Australian banks criticised by securities regulator for influence in mining IPOs

AUSTRALIAN banks have come in for criticism from the country’s securities regulator for the way in which they manage initial public offerings (IPOs), especially in the small mining sector, said Bloomberg News.

The Australian Securities and Investments Commission published a report that looked into the sourcing, execution and trading of mining IPOs that raised less than $20m between October 2016 and September 2018. The sector is one of the nation’s most prolific source of listings, said the newswire.

The report pointed to possible conflicts of interest and “substandard” compliance controls for promotional material. It found that lead managers gave preference to a small subset of investors, typically in their networks, making it harder for retail investors to secure an allocation, said Bloomberg News.
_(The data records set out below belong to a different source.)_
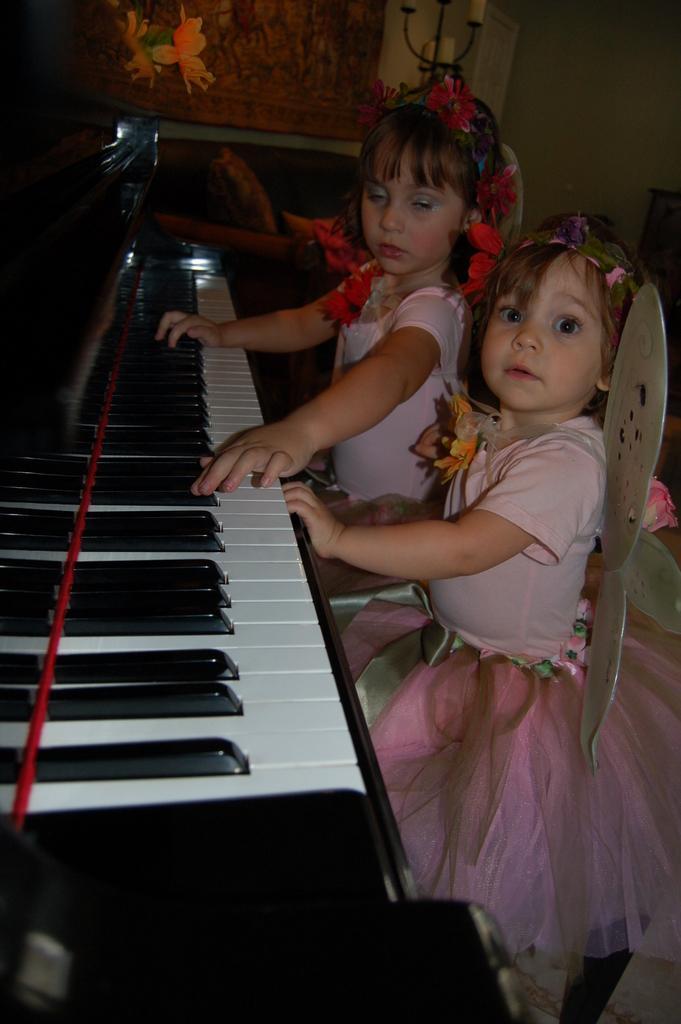How would you summarize this image in a sentence or two? There are two girls wearing angel dresses. One girl wearing is playing a piano. In the background there is a painting of a flowers. 
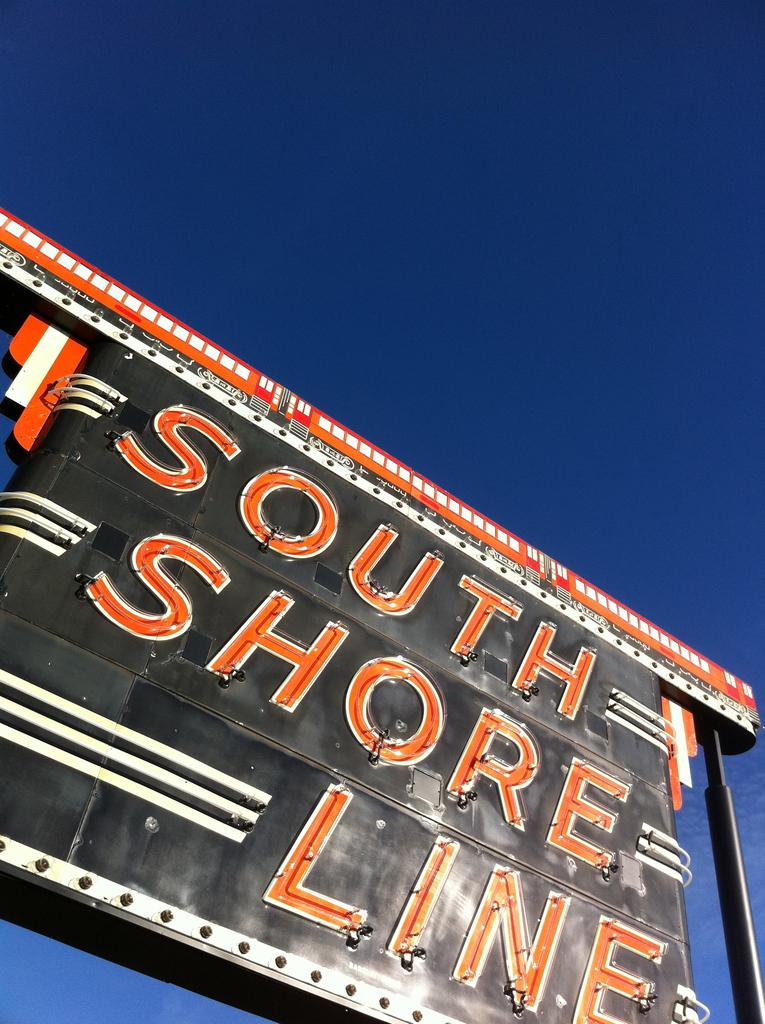Provide a one-sentence caption for the provided image. Black, white, and orange South Shore Line sign. 
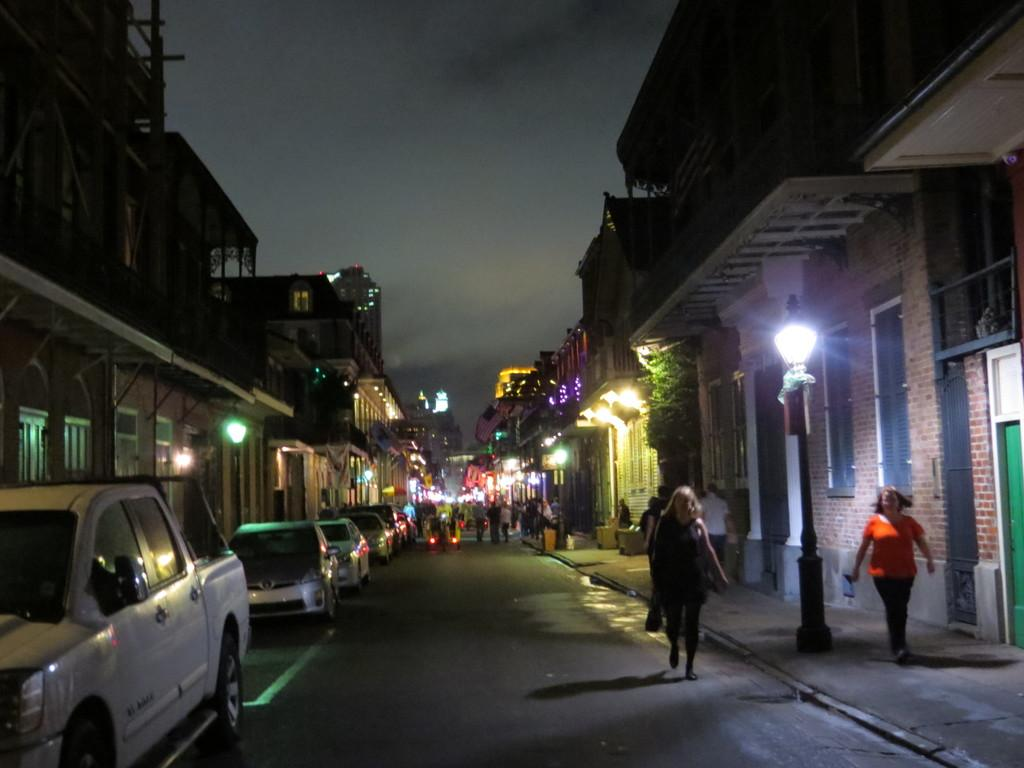What type of structures can be seen in the image? There are buildings in the image. Are there any living beings present in the image? Yes, there are people in the image. What mode of transportation can be seen on the road in the image? There are vehicles on the road in the image. What is visible in the background of the image? The sky is visible in the image. What is the historical significance of the alley in the image? There is no alley present in the image, so it is not possible to discuss its historical significance.

The “tight” share register could mean that investors are expected or even bound to behave in a certain way after the listing to prevent them from being excluded from future deals.

The mining industry accounts for a large proportion of Australian IPOs: more than 25% in 2017 and 35% in 2018, according to the report. In the four years though 2018, mining companies conducted more listings than any other sector. And almost all of them – 97% – raised $20m or less, it said.

Lead managers were found to have exerted influence over the allocation process by blacklisting investors so they would not receive allocations, closely monitoring and questioning those that sold securities shortly after the listing and expecting investors who receive stock to hold it after the deal, said Bloomberg.